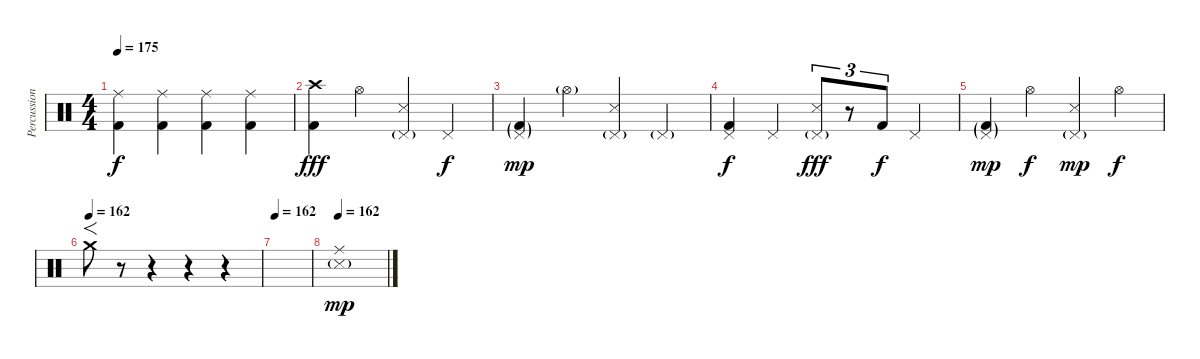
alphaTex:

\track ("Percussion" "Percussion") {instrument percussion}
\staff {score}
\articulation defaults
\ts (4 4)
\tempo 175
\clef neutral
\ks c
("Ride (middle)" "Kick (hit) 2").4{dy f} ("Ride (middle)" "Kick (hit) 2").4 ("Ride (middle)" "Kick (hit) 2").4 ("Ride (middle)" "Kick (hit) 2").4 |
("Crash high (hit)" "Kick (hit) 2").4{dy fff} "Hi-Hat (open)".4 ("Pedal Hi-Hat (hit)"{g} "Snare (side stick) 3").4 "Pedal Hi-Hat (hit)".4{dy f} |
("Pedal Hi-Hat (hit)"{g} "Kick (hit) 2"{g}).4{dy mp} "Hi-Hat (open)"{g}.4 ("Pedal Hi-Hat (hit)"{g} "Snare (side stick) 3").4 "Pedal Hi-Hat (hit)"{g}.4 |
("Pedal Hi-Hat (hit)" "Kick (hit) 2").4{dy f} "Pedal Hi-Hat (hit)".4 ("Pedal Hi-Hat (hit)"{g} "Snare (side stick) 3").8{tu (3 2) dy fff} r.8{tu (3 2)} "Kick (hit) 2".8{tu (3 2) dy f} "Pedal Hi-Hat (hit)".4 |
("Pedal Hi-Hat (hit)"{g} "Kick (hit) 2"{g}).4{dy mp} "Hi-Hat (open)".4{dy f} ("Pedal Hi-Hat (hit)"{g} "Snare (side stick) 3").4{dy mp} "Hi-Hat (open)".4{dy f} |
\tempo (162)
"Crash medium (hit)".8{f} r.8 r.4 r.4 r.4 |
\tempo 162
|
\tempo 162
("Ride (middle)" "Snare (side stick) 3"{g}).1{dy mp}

**Work required**.
Go through the records, tally the lines holding the word "side", and give only the tally.

**Output of the exercise**.
5